Segment Start: SUPPLIED MATERIAL
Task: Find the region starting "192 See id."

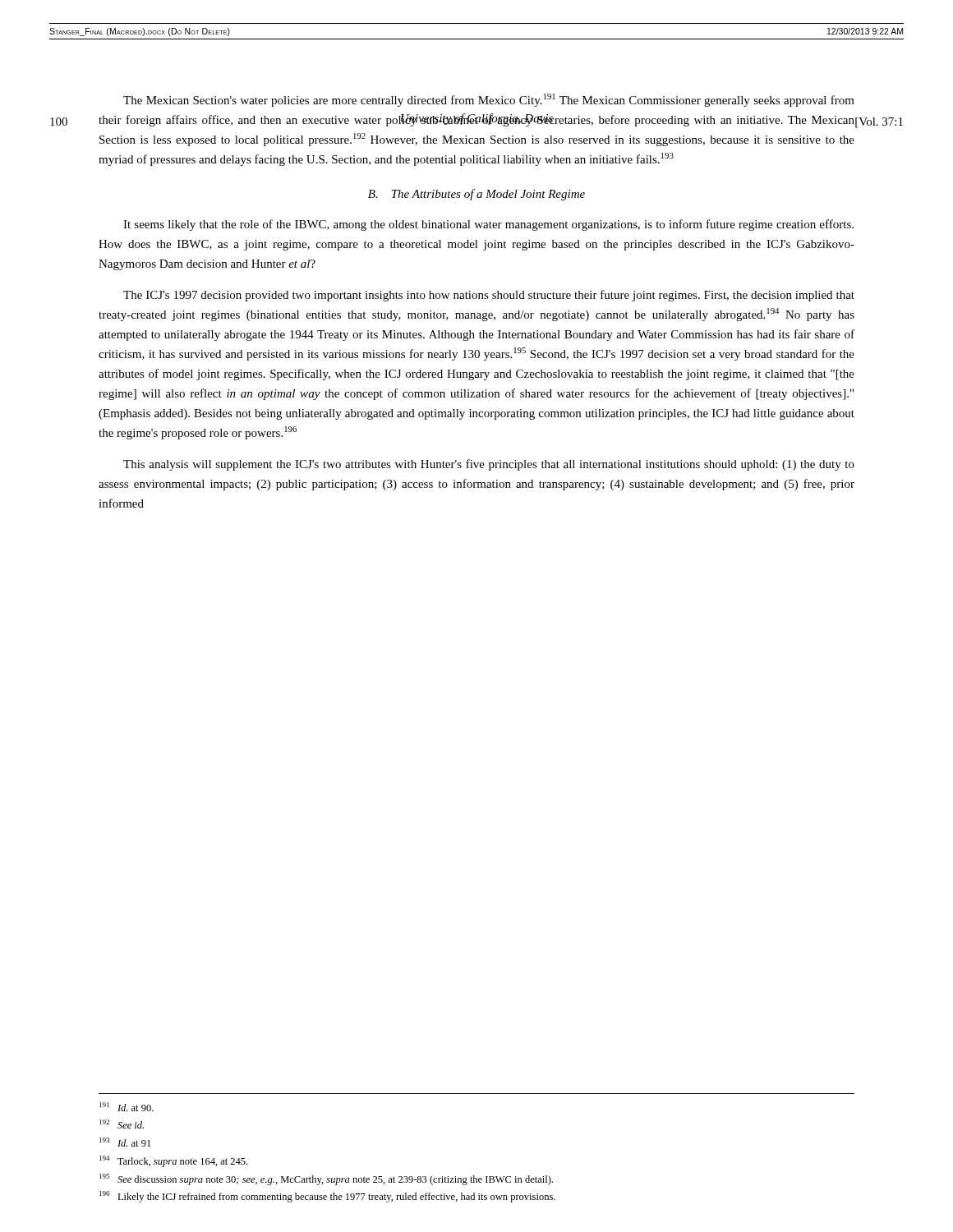Action: click(122, 1125)
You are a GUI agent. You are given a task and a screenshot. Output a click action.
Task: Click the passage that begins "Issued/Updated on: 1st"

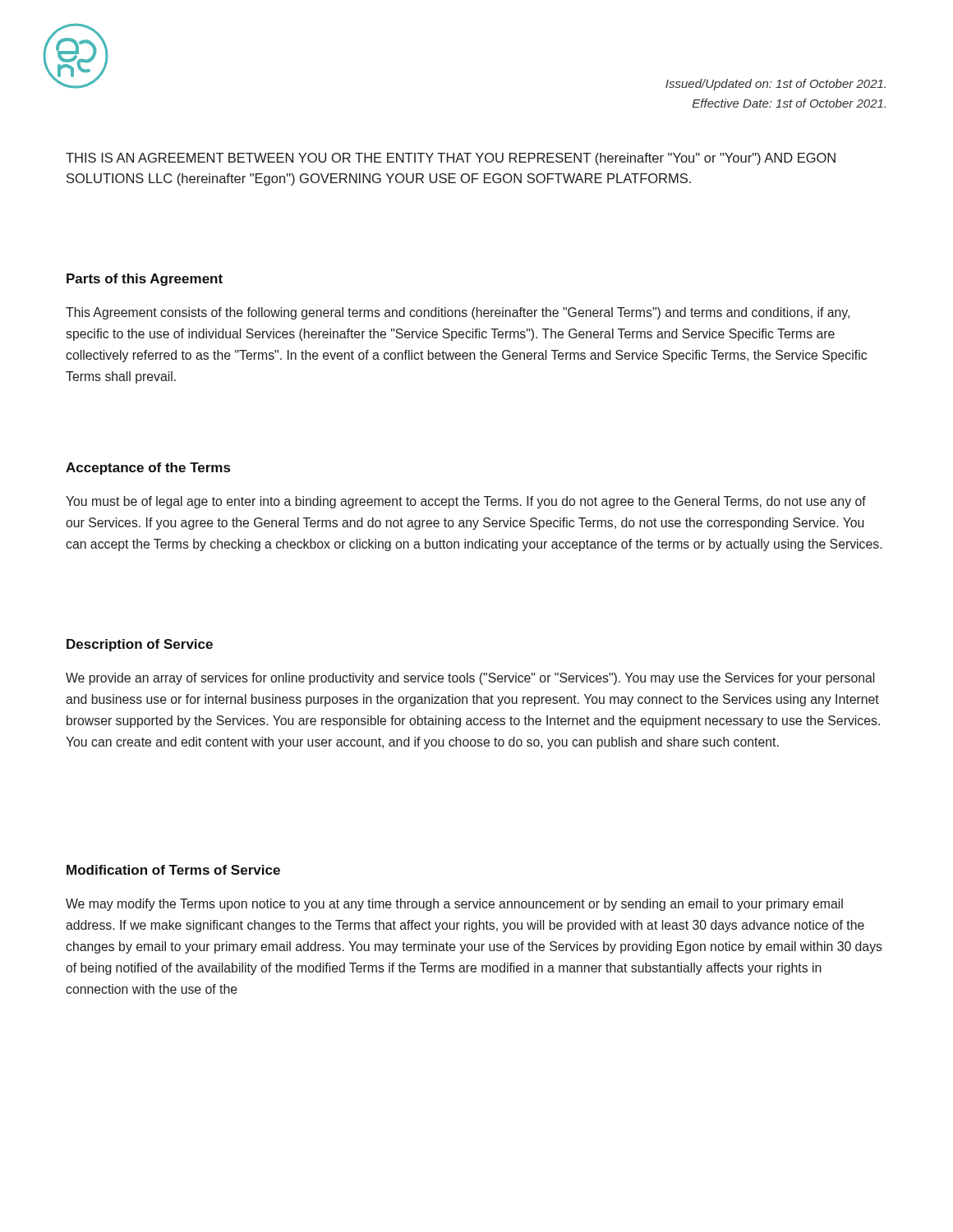776,93
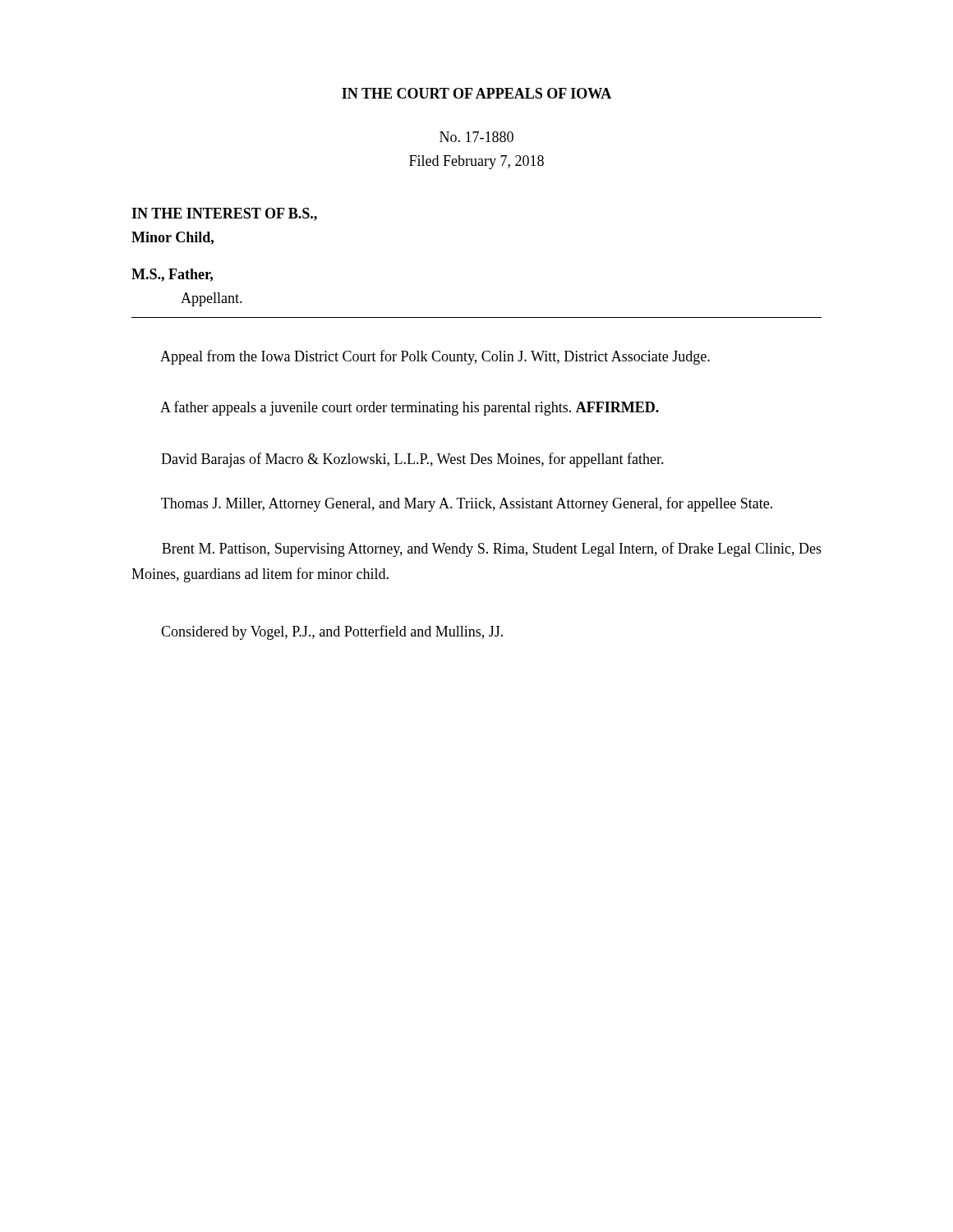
Segment End: SUPPLIED MATERIAL
• _WHAT TO PRODUCE_
All of the data above needs to be given again exactly. Leave out each image.

• _WRITTEN RESPONSE_
Task: Find the region starting "192 See id."

Action: click(122, 1125)
You are a GUI agent. You are given a task and a screenshot. Output a click action.
Task: Click the passage that begins "Issued/Updated on: 1st"

776,93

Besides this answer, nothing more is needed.